The aim being to provide Tower Hamlets with a resident theatre group. They devised various shows ranging from pre-school entertainment, such as Eggs, (‘Eggbert & Eggnog’s search for the biggest egg in the world’), to others such as Get Out Of It, for residents of elderly care homes.
The more political Creeping Sheep, a musical show, toured in street markets, pubs and outdoor festivals. THUD were to eventually regain their independence, while maintaining close ties with the project.
Controlled Attack developed a popular hard-hitting and challenging style, combining poetry, satire and commentary on current issues. Working with the Federation of Worker Writers and Community Publishers, they toured major northern cities and liaised with ‘acoustic punk’ Patrik Fitzgerald, whose first book of poetry was published by THAP.
The group grew out of THAP activity, becoming an entity in their own right, such was the organic (and often frenetic) nature of change at the project. The Island Arts Team, for instance, working on the Isle of Dogs, developed a strong programme of events of their own.
Alice Bigelow and Chris Lilly performing street theatre at Weavers Fields festival.
Controlled Attack’s Alan Gilbey also worked with other theatre groups in the borough. In 1986, A View of the River, was performed at a deserted warehouse on the Isle of Dogs. An epic production, devised by locals and guided by Alan, it used an ambitious mix of panto, pageant and performance to explore the area’s dockland past and its corporate future. It was later revived by the WOOF Theatre Company at the new Half Moon Theatre in Mile End as part of The East End Festival.
There followed a myriad of productions under a bewildering array of company titles, THAP’s involvement being the link.

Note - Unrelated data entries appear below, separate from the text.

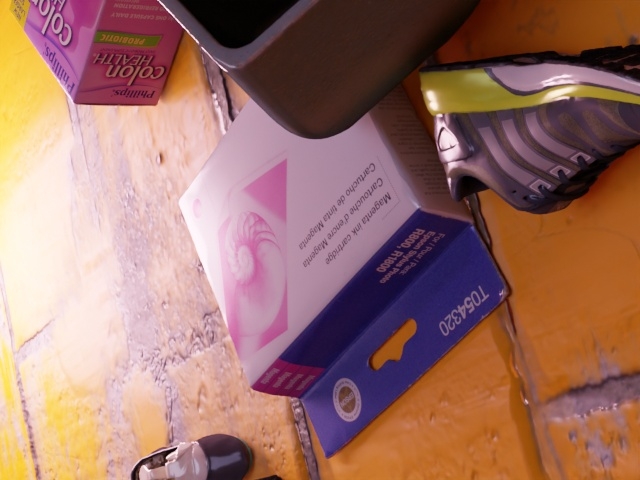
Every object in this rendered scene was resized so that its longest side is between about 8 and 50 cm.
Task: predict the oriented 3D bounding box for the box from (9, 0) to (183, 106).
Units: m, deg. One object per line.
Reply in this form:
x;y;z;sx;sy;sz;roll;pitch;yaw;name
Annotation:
-0.251;-0.317;1.450;0.213;0.117;0.243;52;131;36;box

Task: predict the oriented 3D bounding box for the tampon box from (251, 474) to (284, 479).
-0.061;0.346;1.277;0.120;0.101;0.161;21;110;50;tampon box

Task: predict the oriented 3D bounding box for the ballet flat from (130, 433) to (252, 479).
-0.158;0.266;1.423;0.203;0.074;0.074;-20;77;51;ballet flat

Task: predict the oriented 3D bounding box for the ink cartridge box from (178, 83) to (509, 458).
0.000;0.000;1.197;0.324;0.071;0.330;-50;54;42;ink cartridge box

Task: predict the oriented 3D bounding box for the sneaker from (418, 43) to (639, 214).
0.193;-0.081;0.926;0.300;0.111;0.121;10;112;57;sneaker

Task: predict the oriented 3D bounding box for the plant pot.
-0.008;-0.226;1.001;0.247;0.252;0.248;-41;62;-2;plant pot
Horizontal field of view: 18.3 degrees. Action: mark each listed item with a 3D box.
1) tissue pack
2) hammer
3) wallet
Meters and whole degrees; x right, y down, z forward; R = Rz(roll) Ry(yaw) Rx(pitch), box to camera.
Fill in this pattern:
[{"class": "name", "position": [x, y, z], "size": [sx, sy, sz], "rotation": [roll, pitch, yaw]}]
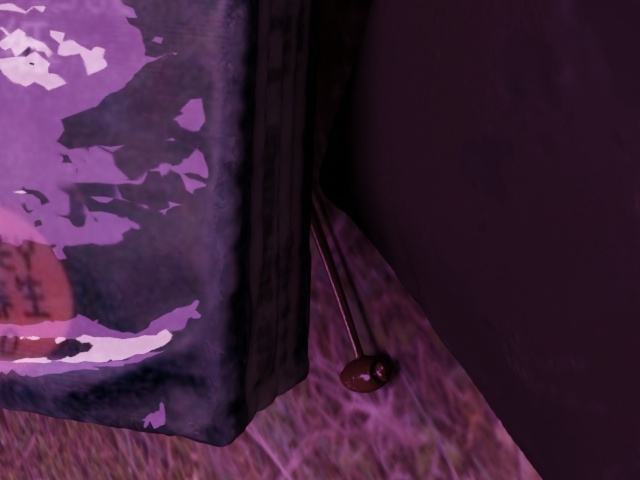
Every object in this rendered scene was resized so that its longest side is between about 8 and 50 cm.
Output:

Under the ‘Dramatic Events’ banner, in conjunction with the Island Arts Centre, THAP worker Anne Edyvean oversaw, Soap Opera, made up of women from a mother and toddler group.
The Isle of Dogs residents had taken part in A View of the River, and demanded a show of their own, based around their personal lives. On Bombshell, Anne worked with clients of St Clements Drug Dependency Unit. Also, on other plays based around local campaigns.
Eamon Duggan street theatre performance.
During the 1980s, the project also promoted ‘alternative cabaret’ events in Bethnal Green. They featured performers such as John Hegley and Harry Enfield, who went on to achieve national fame.
But true to its original intentions, rather than merely providing a stand-up comedian’s stepping stone, the project also promoted local poets, writers and musicians at the shows.
Although the current Brick Lane Bookshop does not run a theatre programme, ventures that had their roots in THAP and Eastside continue to flourish.
One example is Alan Gilbey’s East End Backpassages, ‘exploring the side streets of social history.’ These combined walks and ‘speed history’ events continue to use non-professional performers to tell the stories of East London.